The defined benefit section of the Scheme is closed to new entrants. The Trustee continues to look after the future accrual of active defined benefit members’ benefits and the benefits of deferred defined benefit members. The defined contribution section of the Scheme (the PIP) was closed to new members and future accrual with effect from 1 August 2011. From this date defined contribution PIP members were eligible to join the Your Tomorrow Pension Scheme for future contributions. The Trustee Board continues to be responsible for the deferred defined contribution benefits in respect of contributions paid to the PIP up to and including 31 July 2011. The Scheme allows members to pay additional voluntary contributions (DC AVCs) to enable defined benefit members to acquire additional benefits on a money purchase basis. These DC AVCs are invested on a notional basis within the same funds available to defined contribution PIP members. Rule changes During the year the following changes to the Rules were agreed: • The rules were amended by deed in Q4 2015 to conform to Lloyds Banking Group’s new opting out policy. • Following legislation changes in Jersey, the flexible retirement policy was amended, with agreement from the

Employer, to allow Jersey members to flexibly retire from age 55. • The Section Rules Re-write project was progressed and the aim is to agree this with the Employer and during

2016. • New Trust Deed and Deed of Amendment to the General Rules: The revised deeds, updated to incorporate

Jersey tax changes and other local law changes since the date of the last drafts of the deeds, have been substantively agreed with the Employer’s legal advisers, subject to final sign-off from the Employer. We expect the Deeds to be approved by the Employer and signed in Q2/Q3 2016.

Transfers All transfer values paid to or received from other pension schemes during the year were calculated and verified by the Scheme actuary. There were no transfers made at less than their cash equivalent.
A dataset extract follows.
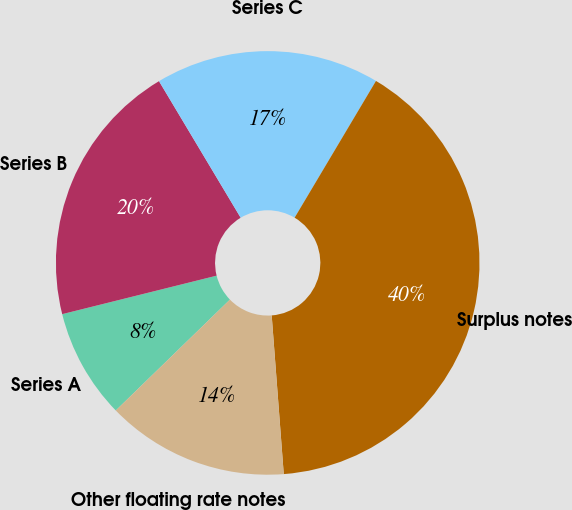Convert chart to OTSL. <chart><loc_0><loc_0><loc_500><loc_500><pie_chart><fcel>Series A<fcel>Series B<fcel>Series C<fcel>Surplus notes<fcel>Other floating rate notes<nl><fcel>8.38%<fcel>20.31%<fcel>17.12%<fcel>40.25%<fcel>13.94%<nl></chart>

Management of the Scheme Under the Trust Deed and Rules, Lloyds Bank plc as principal employer may, by deed, appoint and remove Trustees or appoint a corporate body to act as Trustee. The Scheme is managed by a corporate Trustee, Lloyds Bank Offshore Pension Trust Limited (the Trustee) whose role, exercised through its Board, is to ensure that the Scheme is administered in accordance with the Scheme rules, and to safeguard the assets in the best interests of all members and beneficiaries. The Trustee has sole responsibility for ensuring that the benefits are provided to members in accordance with the deed and rules and relevant legislation. The assets of the Scheme are separate from those of the Employer, though we rely on the Employer to contribute to the Scheme in respect of future service benefits and any deficits relating to accrued benefits. The Trustee has a duty to act in the best interests of Scheme members at all times. The Trustee directors who served during the year are listed on page 1.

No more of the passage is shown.